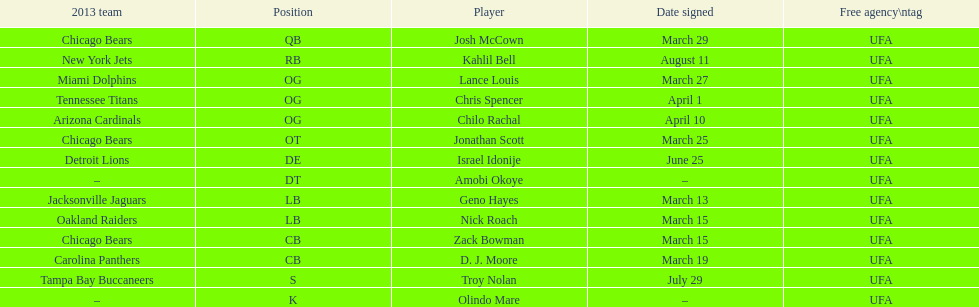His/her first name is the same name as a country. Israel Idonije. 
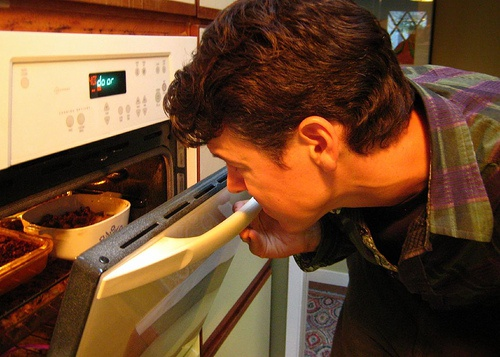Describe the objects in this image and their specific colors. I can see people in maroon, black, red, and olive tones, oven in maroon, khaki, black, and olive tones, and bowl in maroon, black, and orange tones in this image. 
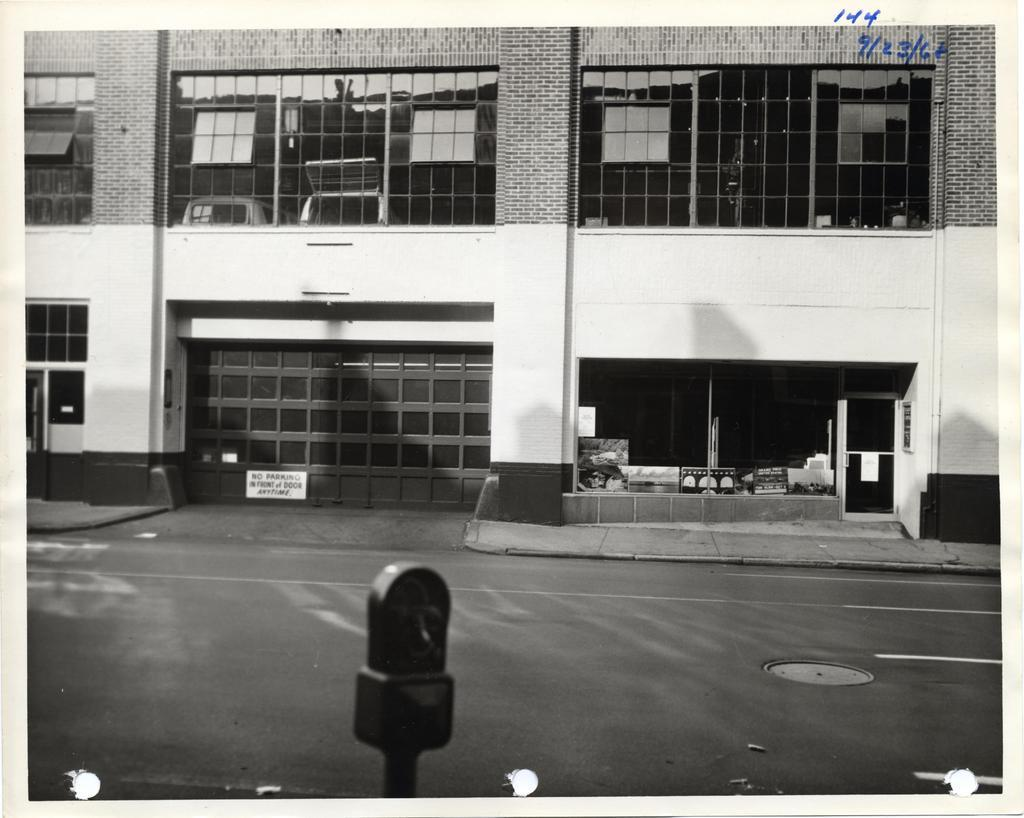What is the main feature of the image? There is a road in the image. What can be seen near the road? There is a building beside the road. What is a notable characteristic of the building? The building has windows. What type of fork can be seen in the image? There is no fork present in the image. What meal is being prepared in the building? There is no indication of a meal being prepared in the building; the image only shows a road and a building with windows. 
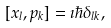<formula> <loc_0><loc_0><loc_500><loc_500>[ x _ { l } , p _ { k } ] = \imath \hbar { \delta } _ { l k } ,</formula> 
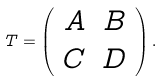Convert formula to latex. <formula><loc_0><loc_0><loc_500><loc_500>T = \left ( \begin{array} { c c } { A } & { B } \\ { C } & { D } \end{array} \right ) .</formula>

=-=-=

Make an exact copy of only those lines that run from the line with "Describe the objects" through the end of the records, excluding pictures.

» **Exercise output**
Describe the objects in this image and their specific colors. I can see people in maroon, black, red, and olive tones, oven in maroon, khaki, black, and olive tones, and bowl in maroon, black, and orange tones in this image. 
What is the main feature of the image? There is a road in the image. What can be seen near the road? There is a building beside the road. What is a notable characteristic of the building? The building has windows. What type of fork can be seen in the image? There is no fork present in the image. What meal is being prepared in the building? There is no indication of a meal being prepared in the building; the image only shows a road and a building with windows. 
<formula> <loc_0><loc_0><loc_500><loc_500>[ x _ { l } , p _ { k } ] = \imath \hbar { \delta } _ { l k } ,</formula> 
Convert formula to latex. <formula><loc_0><loc_0><loc_500><loc_500>T = \left ( \begin{array} { c c } { A } & { B } \\ { C } & { D } \end{array} \right ) .</formula>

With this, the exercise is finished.